• Task details
Of the lines below, count those containing the word "second". Reply with the number alone.
BEGIN Working data
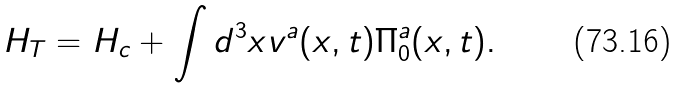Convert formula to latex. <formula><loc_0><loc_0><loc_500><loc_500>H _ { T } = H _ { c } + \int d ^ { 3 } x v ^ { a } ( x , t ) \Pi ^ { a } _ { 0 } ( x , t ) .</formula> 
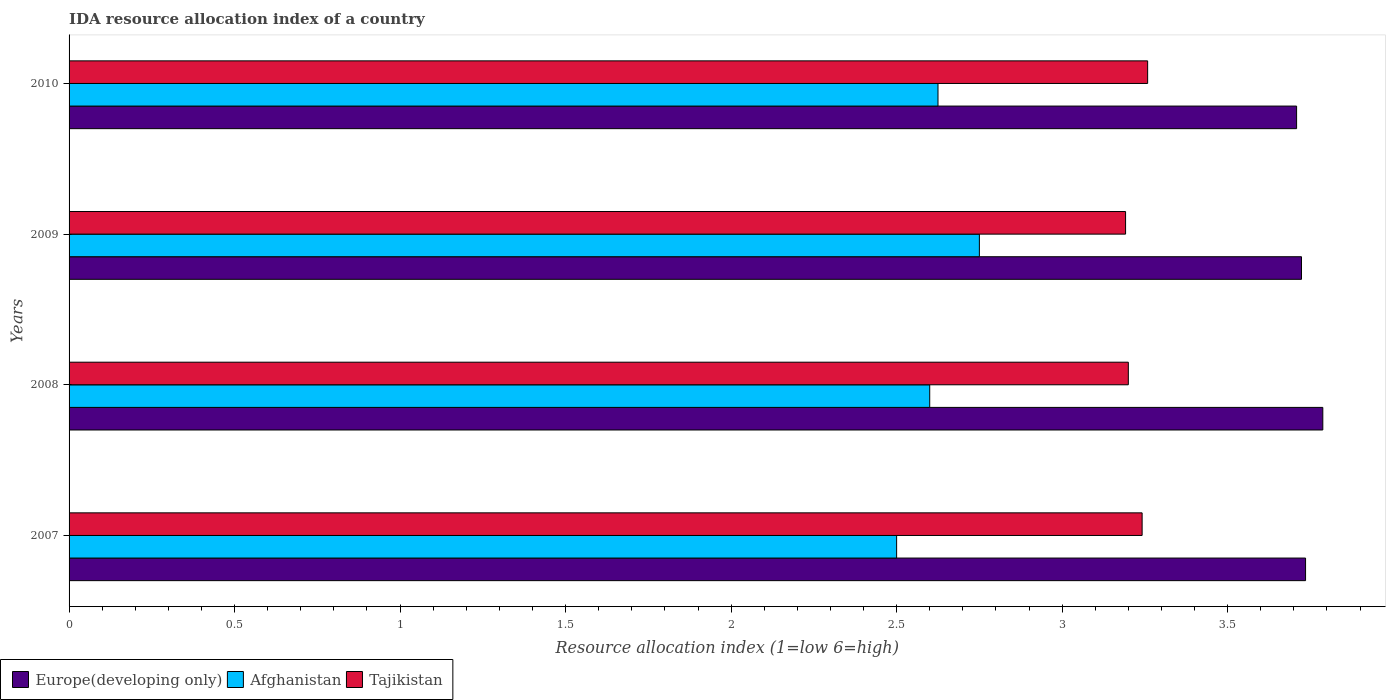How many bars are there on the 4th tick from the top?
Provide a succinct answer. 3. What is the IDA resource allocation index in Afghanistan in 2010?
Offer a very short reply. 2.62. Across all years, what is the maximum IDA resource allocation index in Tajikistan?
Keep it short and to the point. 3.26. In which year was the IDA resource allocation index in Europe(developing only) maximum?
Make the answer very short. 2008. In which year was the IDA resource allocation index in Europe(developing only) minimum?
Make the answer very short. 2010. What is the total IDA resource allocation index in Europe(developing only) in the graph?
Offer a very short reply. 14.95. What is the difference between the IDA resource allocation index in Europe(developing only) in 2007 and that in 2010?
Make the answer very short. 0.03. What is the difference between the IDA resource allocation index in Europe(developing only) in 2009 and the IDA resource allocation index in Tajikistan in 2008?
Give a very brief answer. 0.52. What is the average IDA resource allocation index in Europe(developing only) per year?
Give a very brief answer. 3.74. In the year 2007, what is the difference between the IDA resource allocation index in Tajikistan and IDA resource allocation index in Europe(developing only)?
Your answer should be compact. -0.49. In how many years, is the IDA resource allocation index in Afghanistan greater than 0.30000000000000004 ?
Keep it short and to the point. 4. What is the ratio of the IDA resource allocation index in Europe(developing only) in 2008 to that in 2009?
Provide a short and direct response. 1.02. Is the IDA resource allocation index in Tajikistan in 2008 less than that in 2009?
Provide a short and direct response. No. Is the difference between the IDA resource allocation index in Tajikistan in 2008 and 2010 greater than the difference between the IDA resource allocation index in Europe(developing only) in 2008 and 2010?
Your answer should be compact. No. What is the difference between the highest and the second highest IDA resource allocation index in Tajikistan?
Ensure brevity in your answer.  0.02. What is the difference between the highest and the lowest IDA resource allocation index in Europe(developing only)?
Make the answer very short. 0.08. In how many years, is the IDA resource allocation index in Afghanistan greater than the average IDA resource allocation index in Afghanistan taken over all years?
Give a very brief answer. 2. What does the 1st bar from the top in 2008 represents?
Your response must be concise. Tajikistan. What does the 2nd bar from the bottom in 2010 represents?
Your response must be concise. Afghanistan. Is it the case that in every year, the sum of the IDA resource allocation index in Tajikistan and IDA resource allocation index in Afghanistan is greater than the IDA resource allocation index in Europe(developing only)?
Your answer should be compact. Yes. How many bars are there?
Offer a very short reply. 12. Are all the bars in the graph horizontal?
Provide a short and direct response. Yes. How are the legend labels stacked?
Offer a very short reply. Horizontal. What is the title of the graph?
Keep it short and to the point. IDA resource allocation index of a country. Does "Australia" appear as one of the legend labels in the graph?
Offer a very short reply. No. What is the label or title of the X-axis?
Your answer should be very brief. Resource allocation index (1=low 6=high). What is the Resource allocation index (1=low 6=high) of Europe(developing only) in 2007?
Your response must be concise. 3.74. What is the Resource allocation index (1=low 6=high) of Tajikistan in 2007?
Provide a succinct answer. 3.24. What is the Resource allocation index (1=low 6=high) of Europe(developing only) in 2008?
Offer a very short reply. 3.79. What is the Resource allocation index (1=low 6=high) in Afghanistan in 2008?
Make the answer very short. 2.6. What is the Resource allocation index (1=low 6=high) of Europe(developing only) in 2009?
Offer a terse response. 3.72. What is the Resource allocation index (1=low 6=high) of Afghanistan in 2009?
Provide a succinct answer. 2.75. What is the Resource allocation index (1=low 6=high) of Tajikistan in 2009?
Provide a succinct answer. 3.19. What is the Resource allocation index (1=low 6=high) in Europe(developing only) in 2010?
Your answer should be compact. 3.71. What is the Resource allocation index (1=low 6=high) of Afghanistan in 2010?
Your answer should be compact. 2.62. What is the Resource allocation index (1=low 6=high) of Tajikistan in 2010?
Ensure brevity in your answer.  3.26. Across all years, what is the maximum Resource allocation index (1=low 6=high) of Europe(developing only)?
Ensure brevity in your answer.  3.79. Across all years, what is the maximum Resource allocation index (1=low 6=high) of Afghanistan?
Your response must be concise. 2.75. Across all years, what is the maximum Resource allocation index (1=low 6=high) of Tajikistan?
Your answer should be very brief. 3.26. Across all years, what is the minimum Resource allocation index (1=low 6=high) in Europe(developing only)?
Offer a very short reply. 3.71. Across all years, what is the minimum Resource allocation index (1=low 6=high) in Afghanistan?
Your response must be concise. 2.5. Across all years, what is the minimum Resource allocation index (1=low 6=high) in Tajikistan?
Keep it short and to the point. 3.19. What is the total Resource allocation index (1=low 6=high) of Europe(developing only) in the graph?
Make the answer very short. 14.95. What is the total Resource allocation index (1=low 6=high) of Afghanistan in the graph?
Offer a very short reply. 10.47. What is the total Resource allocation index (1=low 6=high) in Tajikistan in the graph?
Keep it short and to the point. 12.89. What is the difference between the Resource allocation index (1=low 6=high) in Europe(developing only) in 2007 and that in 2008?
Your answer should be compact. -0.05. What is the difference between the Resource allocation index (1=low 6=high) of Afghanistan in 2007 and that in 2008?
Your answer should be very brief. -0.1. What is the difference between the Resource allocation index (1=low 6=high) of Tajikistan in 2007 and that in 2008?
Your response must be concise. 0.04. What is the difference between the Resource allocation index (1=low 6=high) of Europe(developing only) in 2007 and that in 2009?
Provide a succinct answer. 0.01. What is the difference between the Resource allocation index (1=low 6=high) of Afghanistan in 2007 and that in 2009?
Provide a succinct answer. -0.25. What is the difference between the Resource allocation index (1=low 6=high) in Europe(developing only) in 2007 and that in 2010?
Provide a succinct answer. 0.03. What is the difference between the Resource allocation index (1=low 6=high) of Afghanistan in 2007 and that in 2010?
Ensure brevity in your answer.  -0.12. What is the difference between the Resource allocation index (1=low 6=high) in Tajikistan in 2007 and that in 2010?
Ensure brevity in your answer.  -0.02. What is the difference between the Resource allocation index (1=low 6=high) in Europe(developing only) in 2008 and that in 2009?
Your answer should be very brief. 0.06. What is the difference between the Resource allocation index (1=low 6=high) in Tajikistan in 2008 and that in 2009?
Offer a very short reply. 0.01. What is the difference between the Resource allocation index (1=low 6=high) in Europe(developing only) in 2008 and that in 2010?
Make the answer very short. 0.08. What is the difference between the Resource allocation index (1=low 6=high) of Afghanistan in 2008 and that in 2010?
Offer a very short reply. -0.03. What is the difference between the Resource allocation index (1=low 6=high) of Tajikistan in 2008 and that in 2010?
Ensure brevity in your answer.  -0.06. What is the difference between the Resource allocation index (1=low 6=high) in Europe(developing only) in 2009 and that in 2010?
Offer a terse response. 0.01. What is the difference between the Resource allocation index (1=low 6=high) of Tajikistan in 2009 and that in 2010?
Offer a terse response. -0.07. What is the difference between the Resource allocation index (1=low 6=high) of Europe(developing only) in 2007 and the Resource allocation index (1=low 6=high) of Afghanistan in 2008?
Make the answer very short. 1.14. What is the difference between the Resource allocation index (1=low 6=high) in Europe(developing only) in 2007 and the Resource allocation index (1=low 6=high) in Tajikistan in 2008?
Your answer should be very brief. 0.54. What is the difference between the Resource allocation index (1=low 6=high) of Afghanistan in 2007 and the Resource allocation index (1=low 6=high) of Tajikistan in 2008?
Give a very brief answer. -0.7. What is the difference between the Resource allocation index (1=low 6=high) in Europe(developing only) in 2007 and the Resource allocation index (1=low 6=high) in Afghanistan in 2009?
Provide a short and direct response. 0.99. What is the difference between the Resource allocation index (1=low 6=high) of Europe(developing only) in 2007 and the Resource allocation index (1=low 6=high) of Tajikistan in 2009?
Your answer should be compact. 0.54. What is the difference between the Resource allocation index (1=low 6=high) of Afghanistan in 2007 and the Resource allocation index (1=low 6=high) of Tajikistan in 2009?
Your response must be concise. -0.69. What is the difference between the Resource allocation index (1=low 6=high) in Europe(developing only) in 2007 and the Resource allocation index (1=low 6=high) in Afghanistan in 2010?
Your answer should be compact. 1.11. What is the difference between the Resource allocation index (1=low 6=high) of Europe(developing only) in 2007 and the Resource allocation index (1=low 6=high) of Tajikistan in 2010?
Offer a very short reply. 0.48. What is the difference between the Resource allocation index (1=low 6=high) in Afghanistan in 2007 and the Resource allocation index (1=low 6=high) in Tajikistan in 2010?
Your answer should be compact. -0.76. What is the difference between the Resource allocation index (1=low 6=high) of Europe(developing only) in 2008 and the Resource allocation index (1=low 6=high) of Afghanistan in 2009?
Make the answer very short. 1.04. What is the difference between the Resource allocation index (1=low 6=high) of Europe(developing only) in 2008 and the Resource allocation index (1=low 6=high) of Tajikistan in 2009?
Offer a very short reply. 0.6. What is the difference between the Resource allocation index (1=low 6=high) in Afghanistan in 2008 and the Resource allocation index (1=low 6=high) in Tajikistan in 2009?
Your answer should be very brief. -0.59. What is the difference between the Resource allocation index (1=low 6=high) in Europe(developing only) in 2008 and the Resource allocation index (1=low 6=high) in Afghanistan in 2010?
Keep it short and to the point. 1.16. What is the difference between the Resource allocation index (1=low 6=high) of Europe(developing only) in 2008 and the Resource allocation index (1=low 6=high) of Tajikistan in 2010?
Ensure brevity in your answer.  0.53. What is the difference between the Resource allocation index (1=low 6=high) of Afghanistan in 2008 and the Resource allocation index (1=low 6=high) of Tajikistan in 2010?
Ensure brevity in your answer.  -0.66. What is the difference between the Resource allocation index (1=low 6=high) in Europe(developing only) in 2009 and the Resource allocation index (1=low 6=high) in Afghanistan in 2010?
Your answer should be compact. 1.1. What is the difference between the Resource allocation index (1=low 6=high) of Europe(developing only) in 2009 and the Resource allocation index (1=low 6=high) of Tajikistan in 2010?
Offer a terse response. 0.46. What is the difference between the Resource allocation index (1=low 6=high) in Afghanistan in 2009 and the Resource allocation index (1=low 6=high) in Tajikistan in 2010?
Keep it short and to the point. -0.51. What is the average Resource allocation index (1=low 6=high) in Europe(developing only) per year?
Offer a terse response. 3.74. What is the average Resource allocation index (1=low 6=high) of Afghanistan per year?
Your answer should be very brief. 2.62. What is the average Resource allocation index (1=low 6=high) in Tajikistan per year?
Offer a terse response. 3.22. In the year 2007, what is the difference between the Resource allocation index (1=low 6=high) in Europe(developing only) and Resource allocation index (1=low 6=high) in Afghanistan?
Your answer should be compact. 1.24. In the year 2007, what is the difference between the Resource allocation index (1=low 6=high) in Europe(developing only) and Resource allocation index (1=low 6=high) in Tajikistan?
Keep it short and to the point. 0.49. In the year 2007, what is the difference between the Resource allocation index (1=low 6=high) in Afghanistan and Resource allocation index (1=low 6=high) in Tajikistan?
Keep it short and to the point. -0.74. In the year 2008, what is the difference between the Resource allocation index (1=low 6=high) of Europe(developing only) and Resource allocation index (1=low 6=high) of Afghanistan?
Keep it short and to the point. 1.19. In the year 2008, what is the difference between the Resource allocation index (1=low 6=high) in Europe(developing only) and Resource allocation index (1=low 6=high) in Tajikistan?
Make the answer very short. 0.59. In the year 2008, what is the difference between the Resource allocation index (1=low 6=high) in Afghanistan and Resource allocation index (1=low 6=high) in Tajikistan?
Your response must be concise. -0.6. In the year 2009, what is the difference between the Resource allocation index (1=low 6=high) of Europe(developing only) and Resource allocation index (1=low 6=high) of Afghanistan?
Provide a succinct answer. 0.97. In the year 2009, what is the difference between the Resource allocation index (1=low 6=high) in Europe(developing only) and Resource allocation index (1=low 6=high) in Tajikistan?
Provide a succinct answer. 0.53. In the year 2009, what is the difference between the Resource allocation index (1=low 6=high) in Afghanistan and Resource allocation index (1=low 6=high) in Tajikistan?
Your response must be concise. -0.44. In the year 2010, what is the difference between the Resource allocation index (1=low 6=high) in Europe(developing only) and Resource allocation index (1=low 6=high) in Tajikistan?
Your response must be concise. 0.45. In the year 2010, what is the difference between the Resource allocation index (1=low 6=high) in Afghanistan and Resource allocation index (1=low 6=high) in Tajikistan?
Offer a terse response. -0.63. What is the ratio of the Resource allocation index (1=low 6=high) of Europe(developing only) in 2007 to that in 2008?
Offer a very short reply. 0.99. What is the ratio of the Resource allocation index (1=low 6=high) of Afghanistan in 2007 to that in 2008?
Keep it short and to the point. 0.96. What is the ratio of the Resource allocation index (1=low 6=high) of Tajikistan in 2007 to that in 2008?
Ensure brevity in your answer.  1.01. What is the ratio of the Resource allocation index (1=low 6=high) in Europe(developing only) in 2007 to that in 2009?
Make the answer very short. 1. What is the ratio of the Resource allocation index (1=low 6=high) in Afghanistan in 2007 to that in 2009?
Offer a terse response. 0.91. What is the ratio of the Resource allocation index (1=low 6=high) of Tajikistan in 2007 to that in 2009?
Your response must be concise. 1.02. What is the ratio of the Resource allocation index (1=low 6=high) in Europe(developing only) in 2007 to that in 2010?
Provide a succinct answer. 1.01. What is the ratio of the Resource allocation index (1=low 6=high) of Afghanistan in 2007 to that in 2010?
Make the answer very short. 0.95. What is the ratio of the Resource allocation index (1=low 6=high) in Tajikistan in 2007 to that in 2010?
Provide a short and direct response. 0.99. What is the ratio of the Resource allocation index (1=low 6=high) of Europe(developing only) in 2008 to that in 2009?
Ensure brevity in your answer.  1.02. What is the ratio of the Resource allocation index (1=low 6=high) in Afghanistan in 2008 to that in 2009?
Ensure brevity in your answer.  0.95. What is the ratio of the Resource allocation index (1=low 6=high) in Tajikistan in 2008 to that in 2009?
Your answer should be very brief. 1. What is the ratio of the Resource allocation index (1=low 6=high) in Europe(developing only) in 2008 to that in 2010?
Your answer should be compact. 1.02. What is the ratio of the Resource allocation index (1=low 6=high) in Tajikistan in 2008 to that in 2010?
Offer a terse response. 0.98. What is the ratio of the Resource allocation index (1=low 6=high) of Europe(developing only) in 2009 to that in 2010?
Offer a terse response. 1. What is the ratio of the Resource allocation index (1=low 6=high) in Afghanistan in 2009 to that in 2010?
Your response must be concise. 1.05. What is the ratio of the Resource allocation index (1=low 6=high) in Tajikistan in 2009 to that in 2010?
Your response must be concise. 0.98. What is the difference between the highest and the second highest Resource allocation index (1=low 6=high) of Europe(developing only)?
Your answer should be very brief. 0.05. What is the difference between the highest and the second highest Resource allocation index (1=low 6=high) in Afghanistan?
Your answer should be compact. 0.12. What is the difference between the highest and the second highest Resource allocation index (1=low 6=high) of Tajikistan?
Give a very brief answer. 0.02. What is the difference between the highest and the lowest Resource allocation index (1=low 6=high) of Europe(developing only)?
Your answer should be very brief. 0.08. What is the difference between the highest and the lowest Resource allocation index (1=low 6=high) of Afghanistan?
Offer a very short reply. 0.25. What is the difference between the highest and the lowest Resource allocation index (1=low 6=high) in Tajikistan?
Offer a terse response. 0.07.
END Working data
• Answer box
4